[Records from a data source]
------------------------
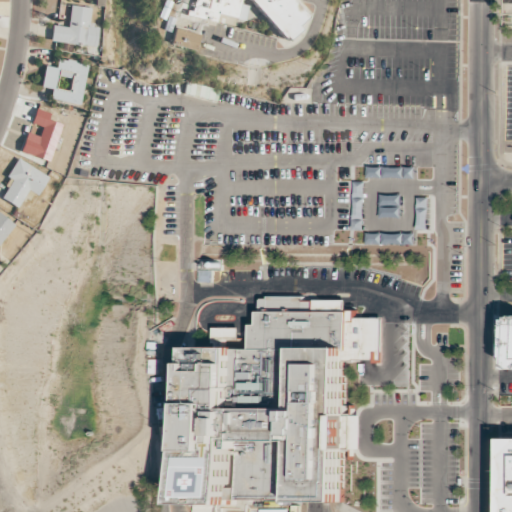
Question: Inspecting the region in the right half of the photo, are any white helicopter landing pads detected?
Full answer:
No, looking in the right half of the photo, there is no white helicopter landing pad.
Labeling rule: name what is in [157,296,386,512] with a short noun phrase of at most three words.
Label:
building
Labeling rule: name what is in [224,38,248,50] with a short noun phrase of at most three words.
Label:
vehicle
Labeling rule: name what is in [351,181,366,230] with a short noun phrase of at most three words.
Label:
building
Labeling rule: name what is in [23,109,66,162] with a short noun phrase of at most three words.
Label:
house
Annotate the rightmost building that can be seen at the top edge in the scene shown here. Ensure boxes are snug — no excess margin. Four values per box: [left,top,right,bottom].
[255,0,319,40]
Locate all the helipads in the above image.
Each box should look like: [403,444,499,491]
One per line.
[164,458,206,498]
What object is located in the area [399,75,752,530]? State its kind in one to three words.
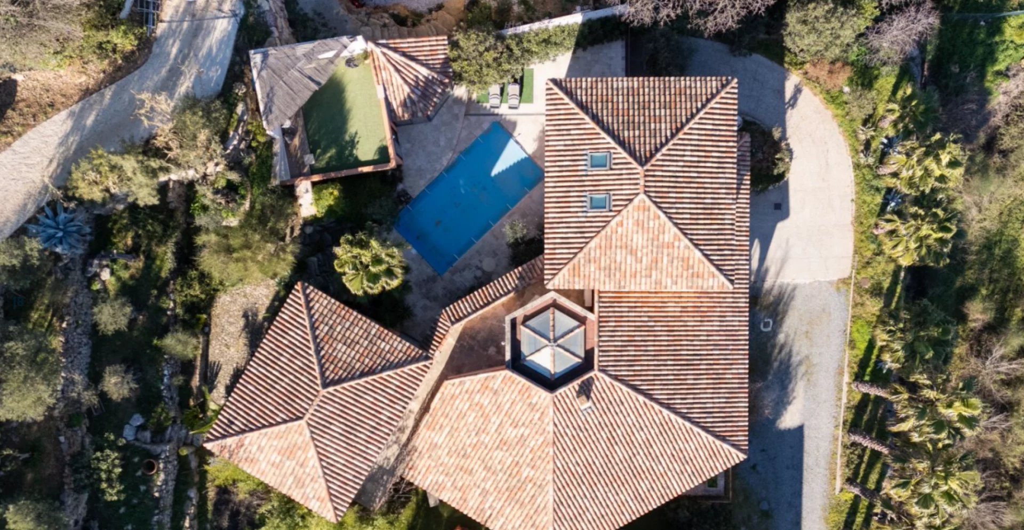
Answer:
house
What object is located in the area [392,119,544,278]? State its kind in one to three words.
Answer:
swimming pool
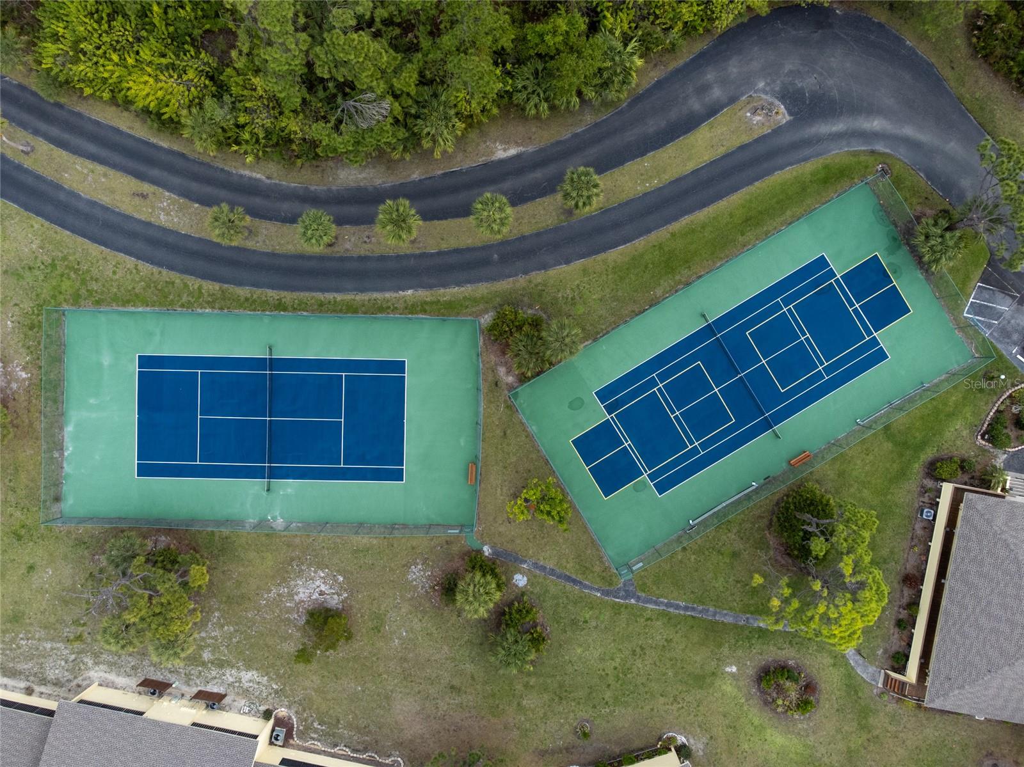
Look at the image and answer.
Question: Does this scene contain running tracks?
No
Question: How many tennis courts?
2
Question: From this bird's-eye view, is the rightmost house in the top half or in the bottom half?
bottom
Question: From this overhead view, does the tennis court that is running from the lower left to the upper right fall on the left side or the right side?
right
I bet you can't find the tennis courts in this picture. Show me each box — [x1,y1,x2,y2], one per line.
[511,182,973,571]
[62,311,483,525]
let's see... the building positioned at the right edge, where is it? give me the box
------------------------
▶ What to work on:
Above are records with pictures; repeat them exactly, but without the pictures.

▶ Answer space:
Question: Inspecting the region in the right half of the photo, are any white helicopter landing pads detected?
Full answer:
No, looking in the right half of the photo, there is no white helicopter landing pad.
Labeling rule: name what is in [157,296,386,512] with a short noun phrase of at most three words.
Label:
building
Labeling rule: name what is in [224,38,248,50] with a short noun phrase of at most three words.
Label:
vehicle
Labeling rule: name what is in [351,181,366,230] with a short noun phrase of at most three words.
Label:
building
Labeling rule: name what is in [23,109,66,162] with a short noun phrase of at most three words.
Label:
house
Annotate the rightmost building that can be seen at the top edge in the scene shown here. Ensure boxes are snug — no excess margin. Four values per box: [left,top,right,bottom].
[255,0,319,40]
Locate all the helipads in the above image.
Each box should look like: [403,444,499,491]
One per line.
[164,458,206,498]
What object is located in the area [399,75,752,530]? State its kind in one to three words.
Answer:
house
What object is located in the area [392,119,544,278]? State its kind in one to three words.
Answer:
swimming pool
Look at the image and answer.
Question: Does this scene contain running tracks?
No
Question: How many tennis courts?
2
Question: From this bird's-eye view, is the rightmost house in the top half or in the bottom half?
bottom
Question: From this overhead view, does the tennis court that is running from the lower left to the upper right fall on the left side or the right side?
right
I bet you can't find the tennis courts in this picture. Show me each box — [x1,y1,x2,y2], one per line.
[511,182,973,571]
[62,311,483,525]
let's see... the building positioned at the right edge, where is it? give me the box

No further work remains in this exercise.